Brief
From the line with "Can you locate the round machined part (130, 79, 194, 156)" onward, reproduce each line of the entries exactly, ending at the last one, and add nothing.

____ Record extracts

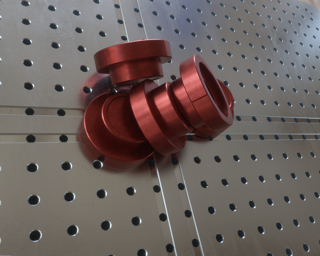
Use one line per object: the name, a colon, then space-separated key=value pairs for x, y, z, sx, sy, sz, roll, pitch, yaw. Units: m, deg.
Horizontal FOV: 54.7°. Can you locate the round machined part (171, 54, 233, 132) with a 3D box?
round machined part: x=0.050 y=-0.039 z=0.388 sx=0.098 sy=0.042 sz=0.098 roll=47 pitch=27 yaw=-34

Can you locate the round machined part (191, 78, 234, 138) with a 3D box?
round machined part: x=0.070 y=-0.038 z=0.460 sx=0.099 sy=0.042 sz=0.098 roll=14 pitch=56 yaw=-21

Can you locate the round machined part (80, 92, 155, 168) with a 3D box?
round machined part: x=-0.043 y=-0.004 z=0.378 sx=0.099 sy=0.042 sz=0.098 roll=14 pitch=56 yaw=-21

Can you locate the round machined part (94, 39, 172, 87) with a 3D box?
round machined part: x=-0.032 y=-0.080 z=0.401 sx=0.099 sy=0.098 sz=0.042 roll=-13 pitch=95 yaw=-34

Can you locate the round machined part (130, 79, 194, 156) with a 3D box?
round machined part: x=0.008 y=-0.018 z=0.384 sx=0.098 sy=0.042 sz=0.098 roll=53 pitch=21 yaw=-30

________

Output of the exercise
Can you locate the round machined part (130, 79, 194, 156) with a 3D box?
round machined part: x=0.008 y=-0.018 z=0.384 sx=0.098 sy=0.042 sz=0.098 roll=53 pitch=21 yaw=-30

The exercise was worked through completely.